然后就见一个二十七八模样的女人端着些糖果和饼子进来了,文挽还是有些印象的,之前来看望过她,外来住户张猎户的妻子——巧巧。
村里有三家猎户,陈爹是半路出家,因为大伯和大伯母只分了块几乎不能种的地,而卤蛋卢猎户和张猎户就是正儿八经的猎户,只不过是前年子和一大波人一起从北方迁进来的外来住户。
陈爹含笑问:“巧巧,这是来送喜糖啦?”
巧巧很高兴,面上掩不住的喜色,答:“是啊,陈大叔,我就带了点喜糖和喜饼,明儿个要来喝喜酒哦!”
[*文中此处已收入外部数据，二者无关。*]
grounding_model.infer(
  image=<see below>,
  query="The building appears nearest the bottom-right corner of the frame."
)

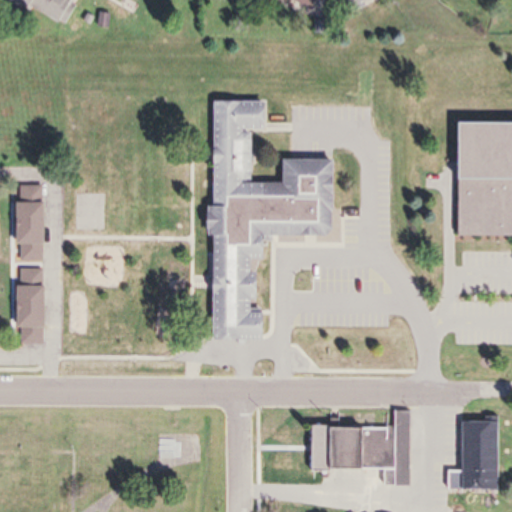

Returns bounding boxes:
[448,420,499,488]
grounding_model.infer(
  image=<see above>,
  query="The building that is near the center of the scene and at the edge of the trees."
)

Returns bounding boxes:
[206,100,334,338]
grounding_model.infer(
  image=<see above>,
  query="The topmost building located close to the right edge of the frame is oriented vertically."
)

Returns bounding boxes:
[458,122,512,235]
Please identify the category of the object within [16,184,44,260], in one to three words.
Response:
building
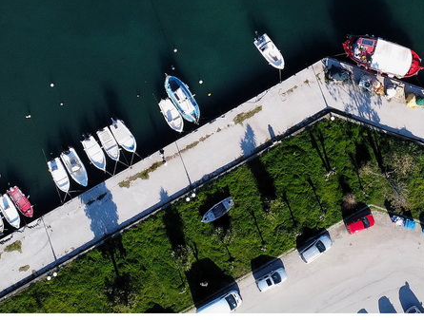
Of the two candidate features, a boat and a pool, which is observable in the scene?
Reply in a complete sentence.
It is a boat that can be seen here.
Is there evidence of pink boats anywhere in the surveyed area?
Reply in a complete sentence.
Yes, the picture does show a pink boat.
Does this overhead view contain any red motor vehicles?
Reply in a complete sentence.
Yes, the photo shows a red motor vehicle.
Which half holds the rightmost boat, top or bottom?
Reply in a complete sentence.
The top half of the photo is where the rightmost boat is.
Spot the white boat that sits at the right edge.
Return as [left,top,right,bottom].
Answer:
[341,37,424,77]
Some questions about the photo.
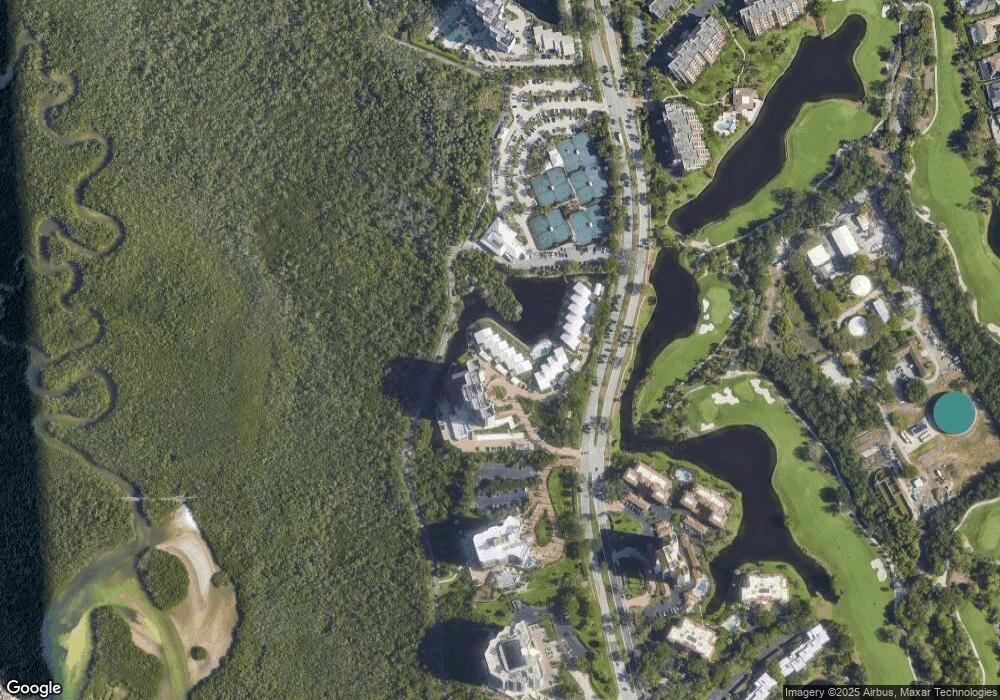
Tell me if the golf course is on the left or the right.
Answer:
right
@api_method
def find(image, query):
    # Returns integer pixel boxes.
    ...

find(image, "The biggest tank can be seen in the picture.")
[934,391,976,434]
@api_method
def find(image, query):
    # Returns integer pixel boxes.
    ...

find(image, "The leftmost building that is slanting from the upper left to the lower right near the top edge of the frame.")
[475,0,516,53]
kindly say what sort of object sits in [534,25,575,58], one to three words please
building
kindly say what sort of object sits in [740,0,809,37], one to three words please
building
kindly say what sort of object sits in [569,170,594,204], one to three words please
tennis court
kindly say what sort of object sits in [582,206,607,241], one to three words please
tennis court
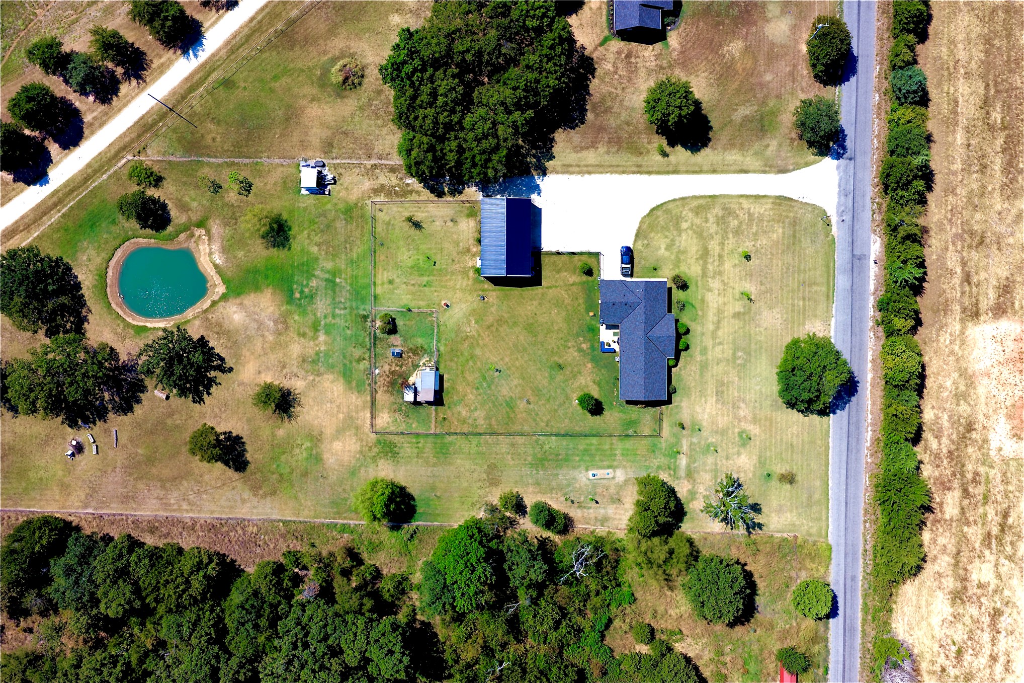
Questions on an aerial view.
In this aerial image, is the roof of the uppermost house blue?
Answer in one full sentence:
Yes, blue is the color of the roof of the uppermost house.
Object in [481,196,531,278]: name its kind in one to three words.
barn
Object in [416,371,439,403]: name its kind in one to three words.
house
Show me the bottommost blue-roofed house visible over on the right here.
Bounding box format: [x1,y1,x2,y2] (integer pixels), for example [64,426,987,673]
[600,279,676,401]
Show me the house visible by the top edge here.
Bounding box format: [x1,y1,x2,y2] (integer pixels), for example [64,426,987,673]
[610,0,674,42]
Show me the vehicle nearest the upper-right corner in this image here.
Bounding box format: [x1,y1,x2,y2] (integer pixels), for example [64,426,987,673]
[620,246,633,277]
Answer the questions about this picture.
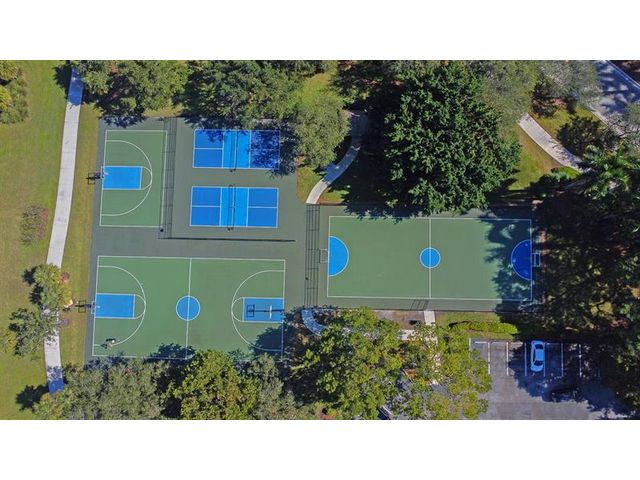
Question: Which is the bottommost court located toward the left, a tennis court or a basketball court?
basketball court
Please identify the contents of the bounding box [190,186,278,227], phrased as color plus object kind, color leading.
blue sports court
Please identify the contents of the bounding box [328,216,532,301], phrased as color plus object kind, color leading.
green sports court
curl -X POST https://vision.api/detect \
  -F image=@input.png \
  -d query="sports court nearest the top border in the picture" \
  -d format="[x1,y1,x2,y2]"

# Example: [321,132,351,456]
[192,129,280,169]
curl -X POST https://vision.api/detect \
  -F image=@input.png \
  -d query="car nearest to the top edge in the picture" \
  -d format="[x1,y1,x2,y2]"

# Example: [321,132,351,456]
[529,342,546,374]
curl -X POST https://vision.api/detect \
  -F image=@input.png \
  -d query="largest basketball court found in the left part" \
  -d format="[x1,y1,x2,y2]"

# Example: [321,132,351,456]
[92,256,284,361]
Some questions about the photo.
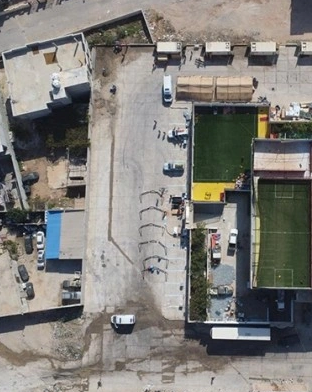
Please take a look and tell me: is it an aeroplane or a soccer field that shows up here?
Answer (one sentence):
This aerial view contains a soccer field.
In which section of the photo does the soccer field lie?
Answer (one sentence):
The soccer field sits in the right section of the image.
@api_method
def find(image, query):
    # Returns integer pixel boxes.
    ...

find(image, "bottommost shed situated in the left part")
[45,209,85,259]
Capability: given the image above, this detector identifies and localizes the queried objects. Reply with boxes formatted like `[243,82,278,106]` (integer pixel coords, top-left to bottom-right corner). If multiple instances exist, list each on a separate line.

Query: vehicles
[210,231,221,263]
[35,230,45,250]
[60,279,74,288]
[227,227,237,251]
[35,250,45,268]
[162,75,172,103]
[23,235,33,254]
[23,181,31,195]
[111,314,135,325]
[25,281,35,300]
[210,325,271,341]
[162,162,184,172]
[61,291,82,301]
[17,263,30,283]
[167,129,189,139]
[22,172,41,182]
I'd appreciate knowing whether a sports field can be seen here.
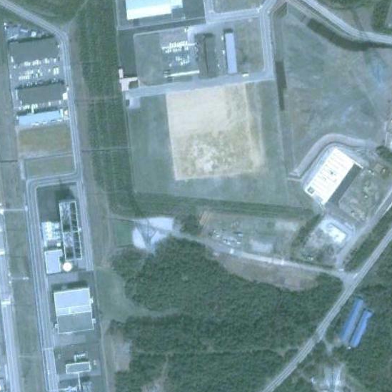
Yes
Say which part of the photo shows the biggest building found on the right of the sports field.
right
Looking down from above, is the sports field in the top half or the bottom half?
top
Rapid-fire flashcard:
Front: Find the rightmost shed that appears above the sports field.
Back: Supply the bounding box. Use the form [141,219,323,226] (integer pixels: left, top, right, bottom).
[226,34,238,74]
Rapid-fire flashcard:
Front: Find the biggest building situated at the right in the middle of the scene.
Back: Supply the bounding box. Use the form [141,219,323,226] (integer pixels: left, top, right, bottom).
[305,147,355,204]
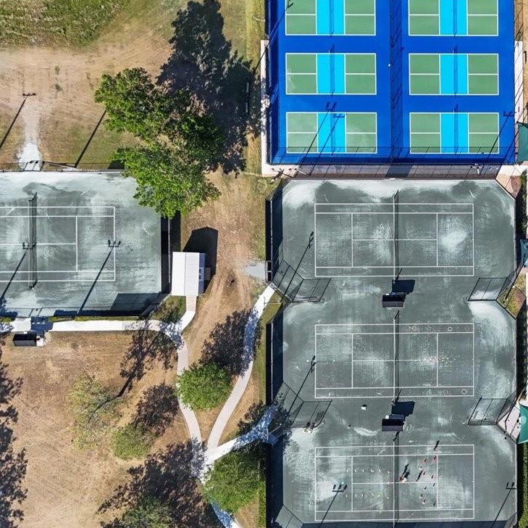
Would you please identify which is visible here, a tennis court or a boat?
tennis court
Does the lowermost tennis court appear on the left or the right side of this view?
right
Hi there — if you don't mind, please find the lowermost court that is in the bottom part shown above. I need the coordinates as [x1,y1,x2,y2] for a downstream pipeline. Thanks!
[315,440,475,528]
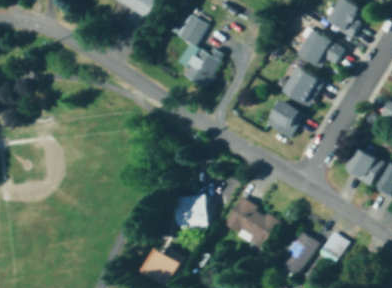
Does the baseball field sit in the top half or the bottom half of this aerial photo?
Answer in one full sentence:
You can find the baseball field in the bottom half.
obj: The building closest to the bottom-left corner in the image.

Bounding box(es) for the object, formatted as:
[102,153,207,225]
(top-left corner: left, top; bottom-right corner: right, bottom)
[142,245,181,284]
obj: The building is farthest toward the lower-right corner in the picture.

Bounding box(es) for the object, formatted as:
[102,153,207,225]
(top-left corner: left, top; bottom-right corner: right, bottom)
[318,231,350,264]
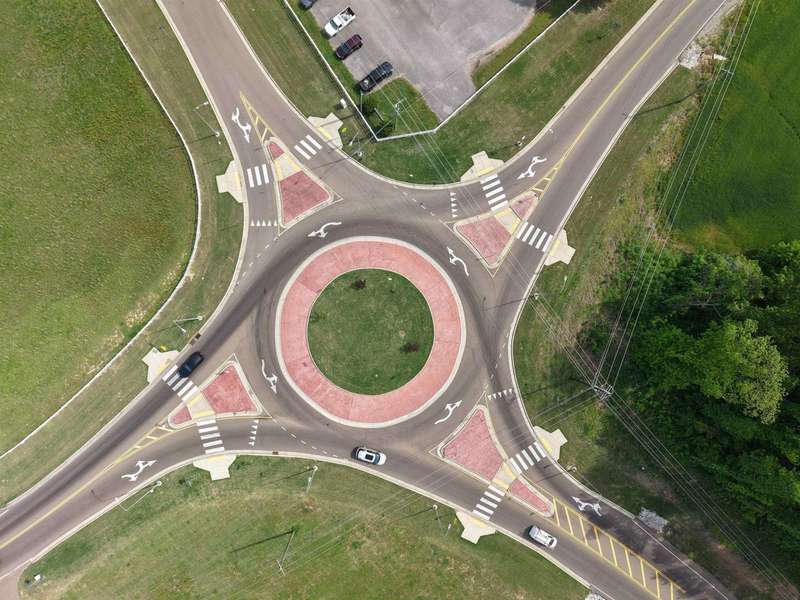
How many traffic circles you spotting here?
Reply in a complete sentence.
I count just 1 traffic circle.
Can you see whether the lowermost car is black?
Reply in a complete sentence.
No, the color of the lowermost car is white.
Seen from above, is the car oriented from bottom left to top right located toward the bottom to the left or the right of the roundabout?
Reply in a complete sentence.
It is on the left side of the roundabout that the car oriented from bottom left to top right located toward the bottom is positioned.
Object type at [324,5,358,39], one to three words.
truck
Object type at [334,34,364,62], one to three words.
car
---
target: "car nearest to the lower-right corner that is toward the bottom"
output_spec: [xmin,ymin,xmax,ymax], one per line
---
[525,523,558,549]
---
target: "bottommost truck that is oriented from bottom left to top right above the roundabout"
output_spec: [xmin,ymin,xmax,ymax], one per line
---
[357,62,395,94]
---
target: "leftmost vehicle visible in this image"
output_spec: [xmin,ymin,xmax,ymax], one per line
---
[173,349,205,378]
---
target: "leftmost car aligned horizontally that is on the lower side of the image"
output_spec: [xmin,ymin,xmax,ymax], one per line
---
[351,446,388,466]
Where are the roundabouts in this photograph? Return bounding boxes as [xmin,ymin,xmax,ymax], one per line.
[238,201,500,462]
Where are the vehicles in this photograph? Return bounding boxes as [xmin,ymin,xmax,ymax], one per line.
[297,0,323,13]
[357,62,395,94]
[525,523,558,549]
[324,5,358,39]
[351,446,388,466]
[173,349,205,378]
[334,34,364,62]
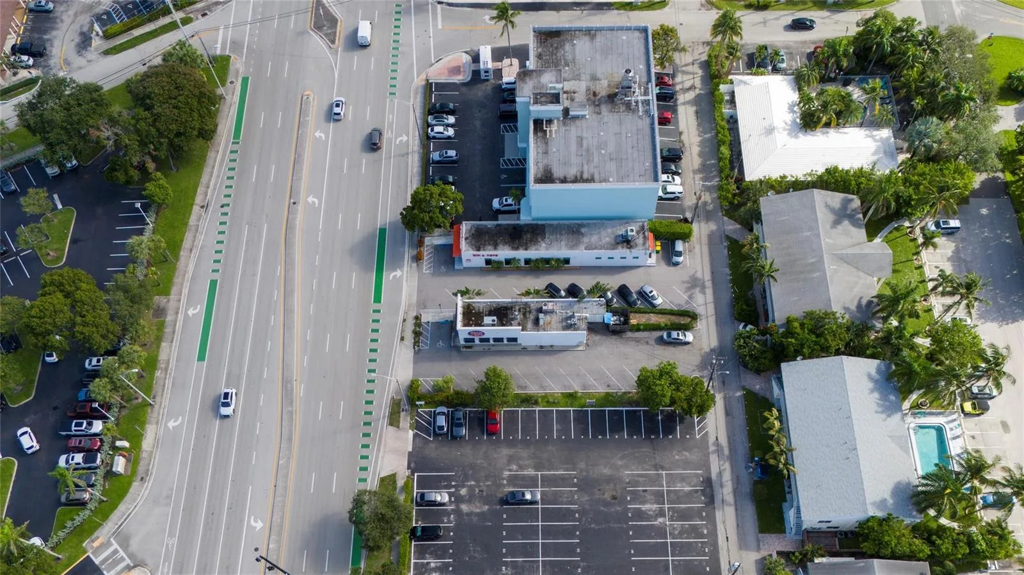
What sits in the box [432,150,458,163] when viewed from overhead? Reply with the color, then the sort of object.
blue vehicle
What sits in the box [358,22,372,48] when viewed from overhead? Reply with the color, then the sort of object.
white vehicle
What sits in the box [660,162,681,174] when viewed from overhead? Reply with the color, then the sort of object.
gray vehicle
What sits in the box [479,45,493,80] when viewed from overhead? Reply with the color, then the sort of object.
white vehicle
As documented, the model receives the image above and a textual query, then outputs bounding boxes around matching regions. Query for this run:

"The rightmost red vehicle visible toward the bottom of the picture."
[486,407,499,435]
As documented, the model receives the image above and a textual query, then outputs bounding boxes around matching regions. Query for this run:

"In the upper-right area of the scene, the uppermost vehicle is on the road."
[790,18,816,30]
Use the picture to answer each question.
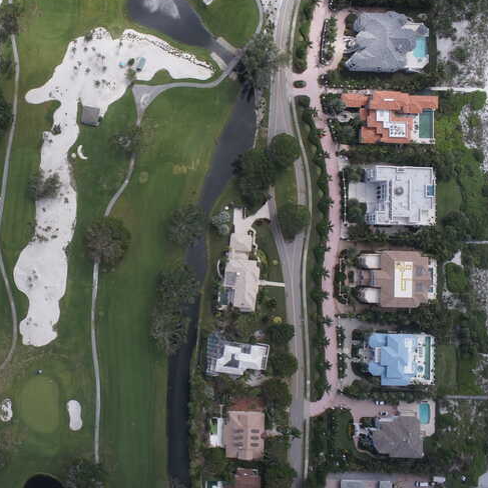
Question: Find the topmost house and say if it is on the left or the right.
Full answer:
You can find the topmost house on the right side of the picture.
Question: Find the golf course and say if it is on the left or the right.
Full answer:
The golf course appears in the left half of the scene.
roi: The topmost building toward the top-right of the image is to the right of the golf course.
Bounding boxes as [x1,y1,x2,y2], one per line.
[341,10,430,73]
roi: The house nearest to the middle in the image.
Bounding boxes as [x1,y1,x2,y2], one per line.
[219,232,259,313]
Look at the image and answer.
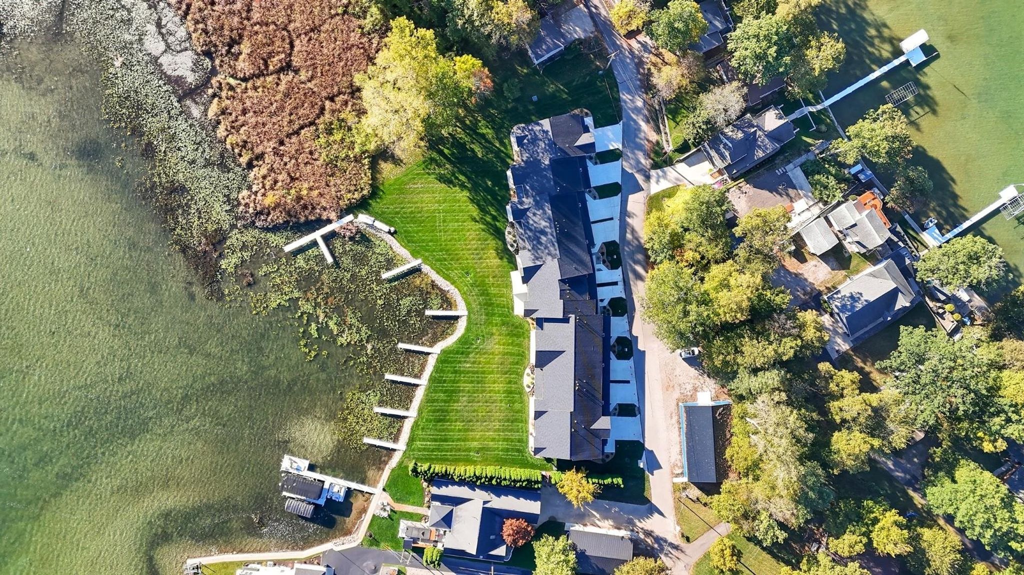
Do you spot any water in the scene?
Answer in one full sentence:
Yes, there's water in this view.
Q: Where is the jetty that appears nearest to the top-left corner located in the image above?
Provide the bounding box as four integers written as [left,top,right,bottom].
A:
[284,214,355,264]
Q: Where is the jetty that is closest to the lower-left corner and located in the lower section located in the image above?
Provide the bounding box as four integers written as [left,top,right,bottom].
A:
[286,469,381,508]
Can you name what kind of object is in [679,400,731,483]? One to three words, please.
shed
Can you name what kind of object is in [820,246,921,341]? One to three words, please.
house
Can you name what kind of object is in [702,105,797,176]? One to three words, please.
house
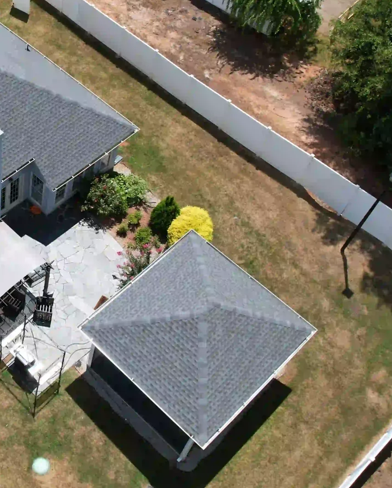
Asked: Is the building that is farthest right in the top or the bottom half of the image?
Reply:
bottom
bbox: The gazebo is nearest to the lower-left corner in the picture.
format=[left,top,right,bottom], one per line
[0,314,68,400]
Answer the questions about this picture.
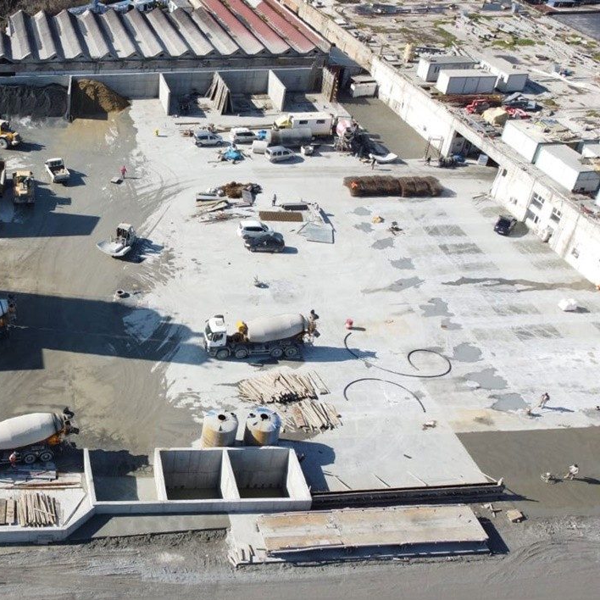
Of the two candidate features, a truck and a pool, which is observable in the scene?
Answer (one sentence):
Visible in the photo is a truck.
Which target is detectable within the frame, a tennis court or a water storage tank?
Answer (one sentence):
Looking from above, you can make out a water storage tank.
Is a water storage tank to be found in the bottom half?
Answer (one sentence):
Yes, a water storage tank is visible in the bottom half.
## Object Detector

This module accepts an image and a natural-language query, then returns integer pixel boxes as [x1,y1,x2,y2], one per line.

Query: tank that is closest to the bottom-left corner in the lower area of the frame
[202,403,241,439]

小姑接过巧巧手里的东西,惊道:“巧巧姐拿这么多做什么呀?”
巧巧笑话她:“当然是拿来吃咯。”
陈爹哈哈一笑,点头道:“明天一定去喝真真的喜酒!”
张猎户家刚来时,靠山吃山的他们因为对山不熟悉,家里几天来几乎是揭不开锅。
陈爹虽然自个儿家里境况也不咋地,但是看不得人受苦,所以多帮了几把,他们一直记着恩情的。
巧巧又和文挽打了招呼才离开。
陈可伊想着自家大嫂现在记忆不太全,就解释起来:“嫂子,巧巧姐之前来看望过你的,是张猎户的媳妇儿。”
文挽点头,她有印象,是个爱笑又活泼的娘子。
陈可伊继续说道:“明天要办的喜酒是她妹妹真真姐的,她和陈三叔家的大儿子柱子哥成了,原本我们这儿是没有女方办酒的习俗的,但是巧巧姐老家有,所以明天我们要吃的喜酒还是两家的呢。”
文挽好奇道:“真真和柱子都多少岁了?”
陈可伊想了一下答:“真真好像十八了,原本女子十五就该嫁了,但是真真姐因为搬迁耽误了,柱子哥刚二十,弱冠了。”
她成亲的时候也是十八,是什么耽误了呢?
嗡的一声耳鸣,大脑又是一片空白,困意涌了上来。